··· Supplied records ···

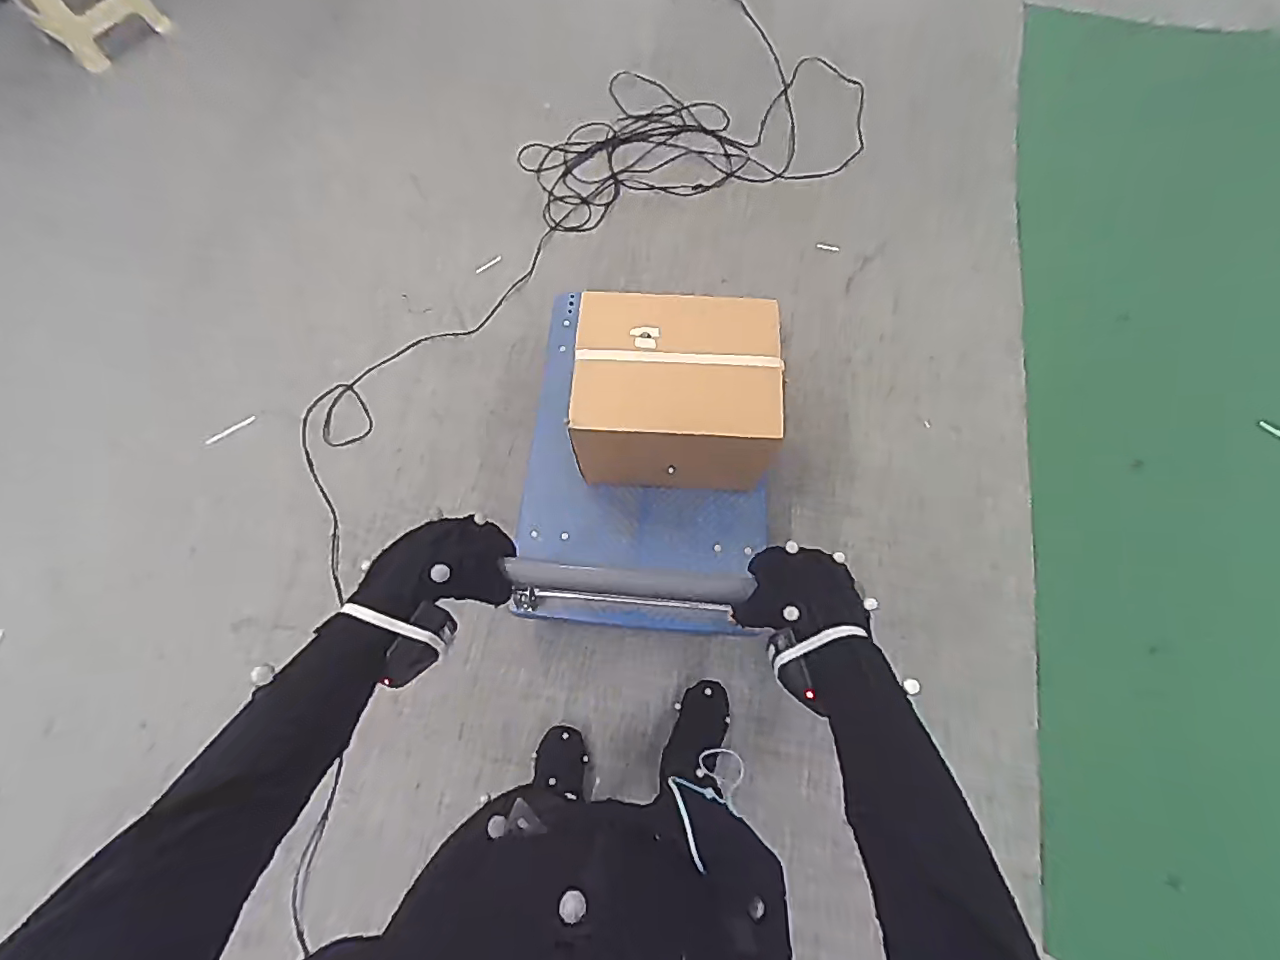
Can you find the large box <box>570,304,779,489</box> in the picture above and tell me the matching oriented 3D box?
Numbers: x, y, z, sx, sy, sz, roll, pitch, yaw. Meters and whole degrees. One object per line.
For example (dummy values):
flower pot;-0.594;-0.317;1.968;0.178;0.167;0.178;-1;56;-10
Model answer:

···

Assignment => An answer that restates all the entries exactly and drops the images is what is needed.

Exercise solution =>
Can you find the large box <box>570,304,779,489</box> in the picture above and tell me the matching oriented 3D box?
Numbers: x, y, z, sx, sy, sz, roll, pitch, yaw. Meters and whole degrees. One object per line.
For example (dummy values):
flower pot;-0.594;-0.317;1.968;0.178;0.167;0.178;-1;56;-10
Model answer:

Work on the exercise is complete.